I have done a chi-squared test before, where I’d input the means only. But what would be the right hypothesis test to use here to determine if the higher mean from Spray B is sufficiently different enough to reject the hypothesis?

Yes, the fact that measurements are paired, in the sense that there are two measures for each city over a set of cities, means that your data are not independent. The lack of independence violates the assumption of the independent samples $t$-test. A paired samples $t$-test is an option here.

However, you don't have much data, and the paired samples $t$-test assumes that the differences are normally distributed. Your differences don't look very normal in a qq-plot:

```
library(car)
qqPlot(Spray.B-Spray.A)
```

Thus, you may prefer an nonparametric option instead. The nonparametric analog of the paired $t$-test is the Wilcoxon signed rank test.

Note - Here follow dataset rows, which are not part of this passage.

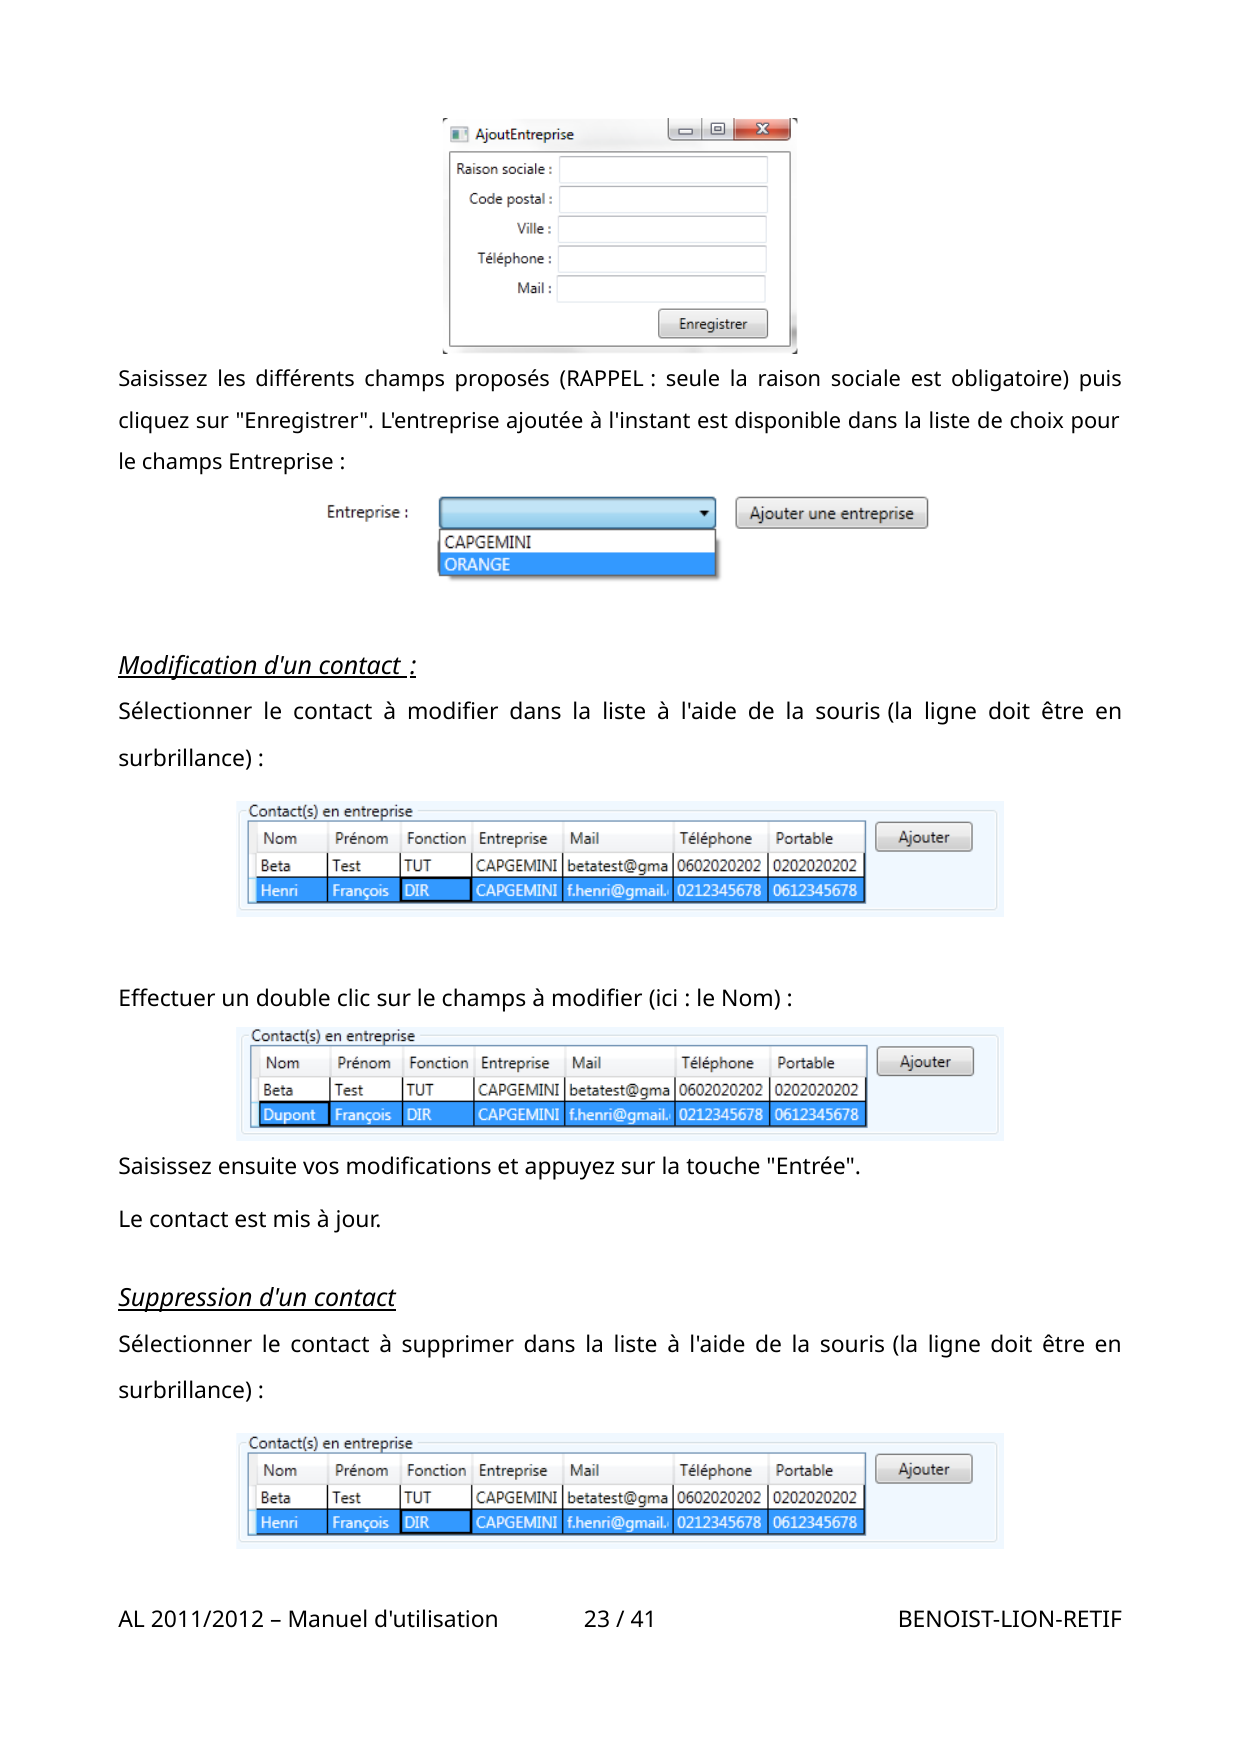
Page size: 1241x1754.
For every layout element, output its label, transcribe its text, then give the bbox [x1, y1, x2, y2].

picture [442, 118, 798, 354]
text Sélectionner le contact à modifier dans la liste à l'aide de la souris (la ligne doit être en surbrillance) : [118, 695, 1122, 773]
picture [236, 801, 1004, 917]
text Saisissez ensuite vos modifications et appuyez sur la touche "Entrée". [118, 1141, 1122, 1182]
picture [236, 1027, 1004, 1141]
text Sélectionner le contact à supprimer dans la liste à l'aide de la souris (la ligne doit être en surbrillance) : [118, 1328, 1122, 1406]
text Effectuer un double clic sur le champs à modifier (ici : le Nom) : [118, 974, 1122, 1015]
subtitle Suppression d'un contact [118, 1274, 1122, 1315]
text Le contact est mis à jour. [118, 1195, 1122, 1236]
subtitle Modification d'un contact : [118, 641, 1122, 682]
picture [236, 1433, 1004, 1549]
text Saisissez les différents champs proposés (RAPPEL : seule la raison sociale est obligatoire) puis cliquez sur "Enregistrer". L'entreprise ajoutée à l'instant est disponible dans la liste de choix pour le champs Entreprise : [118, 354, 1122, 478]
picture [295, 490, 945, 586]
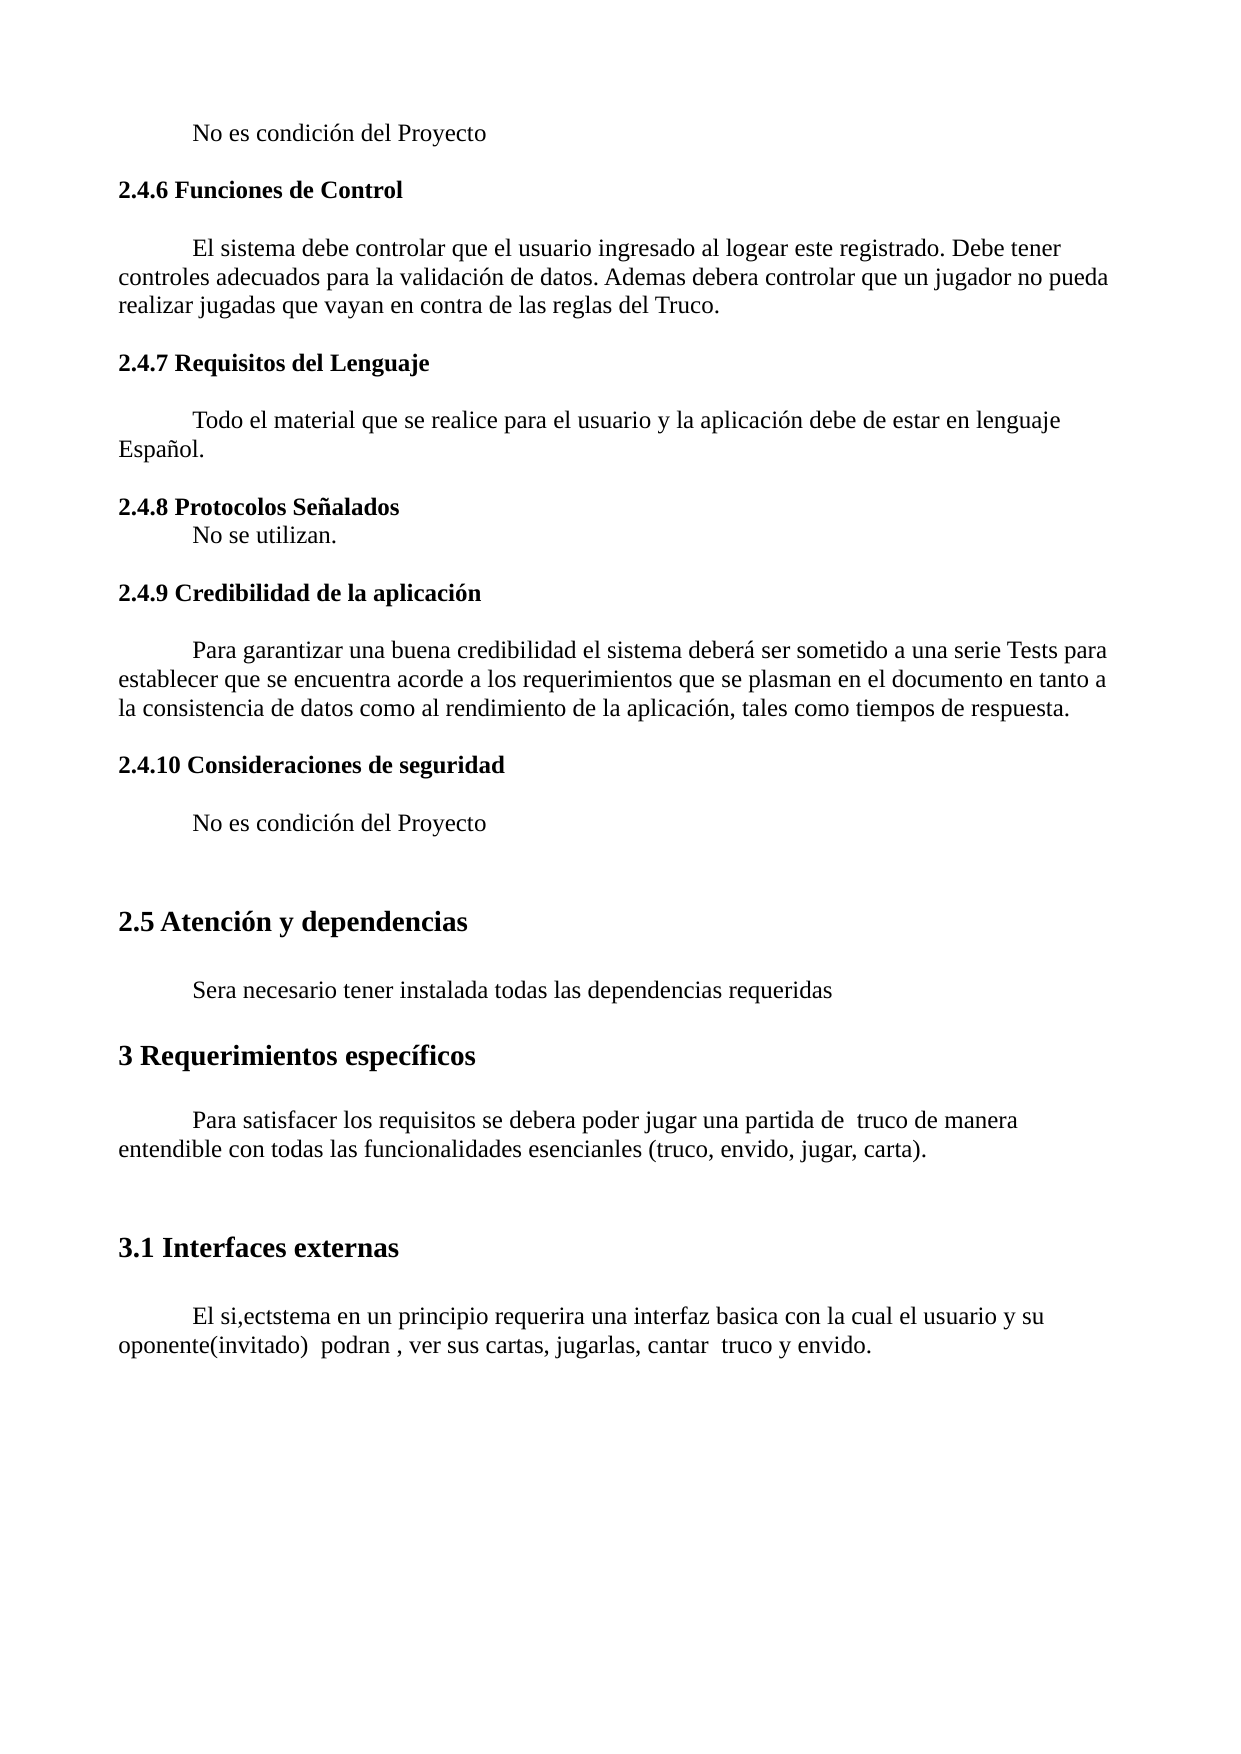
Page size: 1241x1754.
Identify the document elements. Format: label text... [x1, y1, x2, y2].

text El si,ectstema en un principio requerira una interfaz basica con la cual el usuario y su oponente(invitado) podran , ver sus cartas, jugarlas, cantar truco y envido. [118, 1297, 1122, 1359]
text Todo el material que se realice para el usuario y la aplicación debe de estar en lenguaje Español. [118, 406, 1122, 463]
text No es condición del Proyecto [118, 808, 1122, 837]
text 2.4.8 Protocolos Señalados [118, 492, 1122, 521]
text 2.5 Atención y dependencias [118, 904, 1122, 937]
text No es condición del Proyecto [118, 118, 1122, 147]
text 3 Requerimientos específicos [118, 1038, 1122, 1072]
text Para garantizar una buena credibilidad el sistema deberá ser sometido a una serie Tests para establecer que se encuentra acorde a los requerimientos que se plasman en el documento en tanto a la consistencia de datos como al rendimiento de la aplicación, tales como tiempos de respuesta. [118, 636, 1122, 722]
text 2.4.6 Funciones de Control [118, 176, 1122, 204]
text 2.4.9 Credibilidad de la aplicación [118, 578, 1122, 607]
text 2.4.10 Consideraciones de seguridad [118, 751, 1122, 779]
text 3.1 Interfaces externas [118, 1230, 1122, 1263]
text El sistema debe controlar que el usuario ingresado al logear este registrado. Debe tener controles adecuados para la validación de datos. Ademas debera controlar que un jugador no pueda realizar jugadas que vayan en contra de las reglas del Truco. [118, 233, 1122, 319]
text Para satisfacer los requisitos se debera poder jugar una partida de truco de manera entendible con todas las funcionalidades esencianles (truco, envido, jugar, carta). [118, 1105, 1122, 1163]
text 2.4.7 Requisitos del Lenguaje [118, 348, 1122, 377]
text No se utilizan. [118, 521, 1122, 549]
text Sera necesario tener instalada todas las dependencias requeridas [118, 971, 1122, 1004]

Running these tests in `R`

is straightforward:

```
t.test(Spray.B, Spray.A, alternative="greater", paired=TRUE)
#
# Paired t-test
#
# data: Spray.B and Spray.A
# t = 0.6059, df = 11, p-value = 0.2784
# alternative hypothesis: true difference in means is greater than 0
# 95 percent confidence interval:
# -1.636524 Inf
# sample estimates:
# mean of the differences
# 0.8333333
#
wilcox.test(Spray.B, Spray.A, alternative="greater", paired=TRUE)
#
# Wilcoxon signed rank test with continuity correction
#
# data: Spray.B and Spray.A
# V = 41.5, p-value = 0.2375
# alternative hypothesis: true location shift is greater than 0
#
# Warning messages:
# 1: In wilcox.test.default(Spray.B, Spray.A, alternative = "greater", :
# cannot compute exact p-value with ties
# 2: In wilcox.test.default(Spray.B, Spray.A, alternative = "greater", :
# cannot compute exact p-value with zeroes
```

The `Warning messages`

are nothing to worry about. As explained in the documentation, these are stating that the exact $p$-value could not be computed and so the reported $p$-value is based on the normal approximation.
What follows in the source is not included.